Financial Advisers Increasingly Land Clients Through Social Media

41% of advisers told Broadridge they generated clients through social media, up from 34% in 2019.


Registered investment advisers are increasingly landing clients via social media marketing, according to recent research.

The number of advisers converting social media leads to clients continued to trend up in 2022 to 41% of those surveyed, a 1% increase from last year, but up from 34% since 2019, according to the fourth annual “Financial Advisor Marketing Trends” survey conducted by Broadridge Financial Solutions, Inc.

The leading platforms for client conversions are LinkedIn (67%), Facebook (54%) and Twitter (7%), according to the survey of 401 financial advisers conducted in September and October. The success of digital media tactics in gaining clients was a positive amid a rocky year for advisers, said Kevin Darlington, general manager and head of Broadridge Advisor Solutions, in a press release.

“It has been a challenging year for financial advisors, with many struggling to adapt to new compliance and regulatory guidelines, increased market volatility and ongoing hiring and talent retention challenges,” he said. “Digital media usage is a bright spot and continues to show upward-trending success, as advisors double down on digital strategies and maximize the use of websites, LinkedIn and Facebook to generate leads.”

The largest increases in marketing investments are expected on digital platforms such as websites and social media, as opposed to television or radio, Broadridge found.
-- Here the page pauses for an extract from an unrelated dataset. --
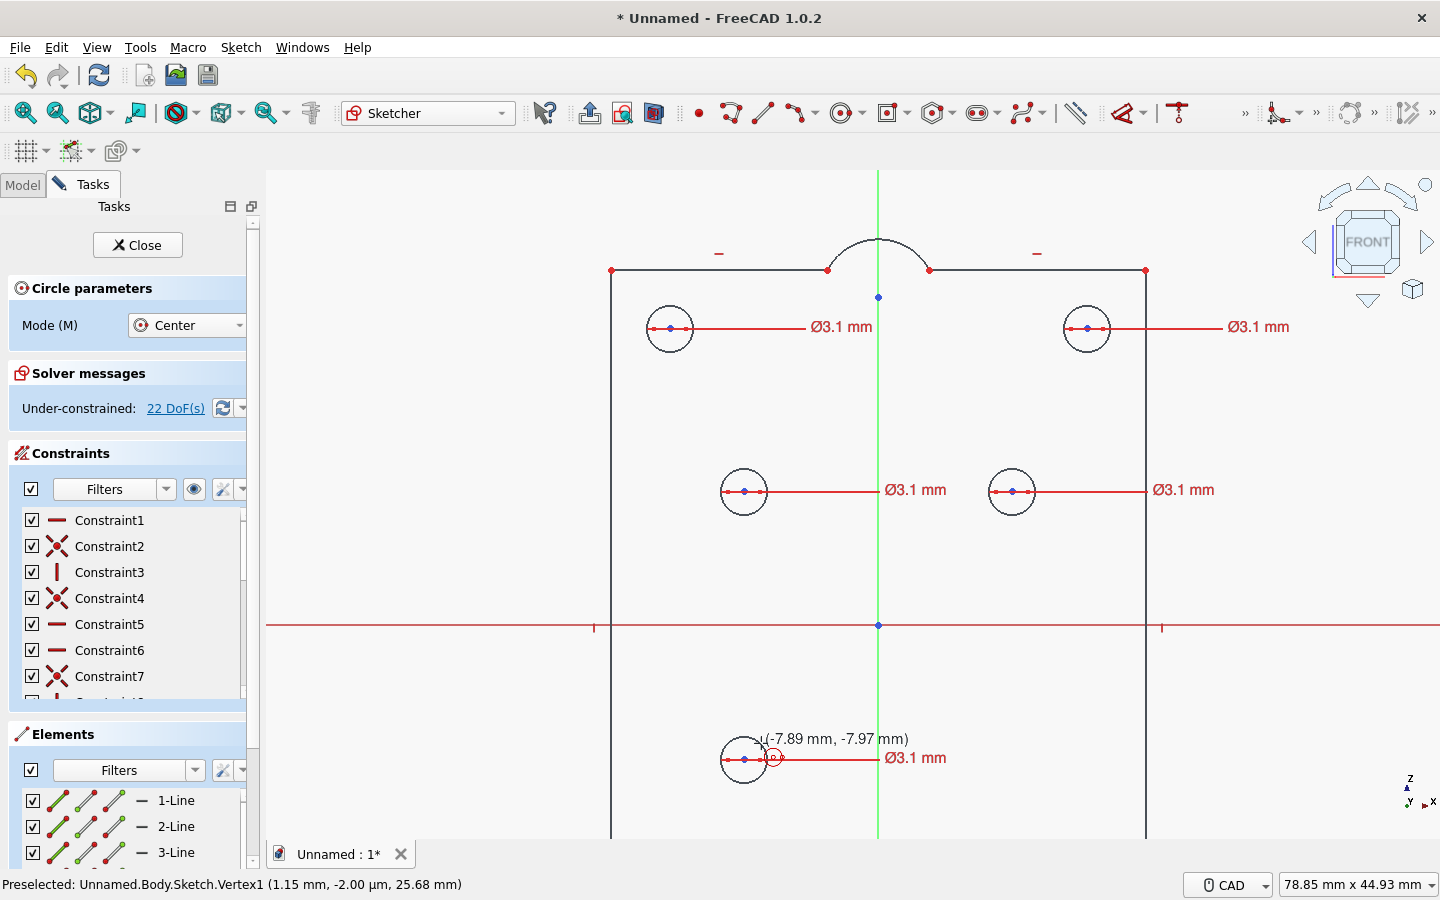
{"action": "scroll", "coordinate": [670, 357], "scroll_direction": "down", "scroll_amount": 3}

Meanwhile, many advisers plan to supplement the digital push with increased spending on in-person options, including events and word-of-mouth referral programs.

A trend toward digital marketing comes in part due to the pandemic’s influence, resulting in people spending more time on digital devices such as smartphones, says Rebecca Hourihan, founder and chief marketing officer of 401(k) Marketing.

“Prior to the pandemic, the average person spent 2 1/2 hours on their phone,” Hourihan says. “Now, we spend four hours a day staring at these little five-inch devices. Advisers need to be phone-first from a marketing perspective so that all of their content, whether plan sponsor-facing or employee-facing, is easily viewable by phone.”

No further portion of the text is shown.